[Stored items from a collection]
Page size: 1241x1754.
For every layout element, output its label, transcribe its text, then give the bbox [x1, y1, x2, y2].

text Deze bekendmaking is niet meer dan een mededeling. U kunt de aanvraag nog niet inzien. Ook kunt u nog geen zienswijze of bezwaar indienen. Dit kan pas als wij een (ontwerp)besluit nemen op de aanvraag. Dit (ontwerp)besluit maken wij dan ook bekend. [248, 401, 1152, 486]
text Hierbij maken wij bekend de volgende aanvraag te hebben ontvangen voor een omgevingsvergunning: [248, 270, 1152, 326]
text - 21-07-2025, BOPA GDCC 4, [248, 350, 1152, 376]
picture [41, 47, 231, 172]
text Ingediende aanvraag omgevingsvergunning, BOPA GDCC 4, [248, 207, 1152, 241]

> [TASK DESCRIPTION]: All entries should be transcribed verbatim.

> [OUTPUT OF THE EXERCISE]:
Page size: 1241x1754.
For every layout element, output its label, transcribe its text, then give the bbox [x1, y1, x2, y2].

text Deze bekendmaking is niet meer dan een mededeling. U kunt de aanvraag nog niet inzien. Ook kunt u nog geen zienswijze of bezwaar indienen. Dit kan pas als wij een (ontwerp)besluit nemen op de aanvraag. Dit (ontwerp)besluit maken wij dan ook bekend. [248, 401, 1152, 486]
text Hierbij maken wij bekend de volgende aanvraag te hebben ontvangen voor een omgevingsvergunning: [248, 270, 1152, 326]
text - 21-07-2025, BOPA GDCC 4, [248, 350, 1152, 376]
picture [41, 47, 231, 172]
text Ingediende aanvraag omgevingsvergunning, BOPA GDCC 4, [248, 207, 1152, 241]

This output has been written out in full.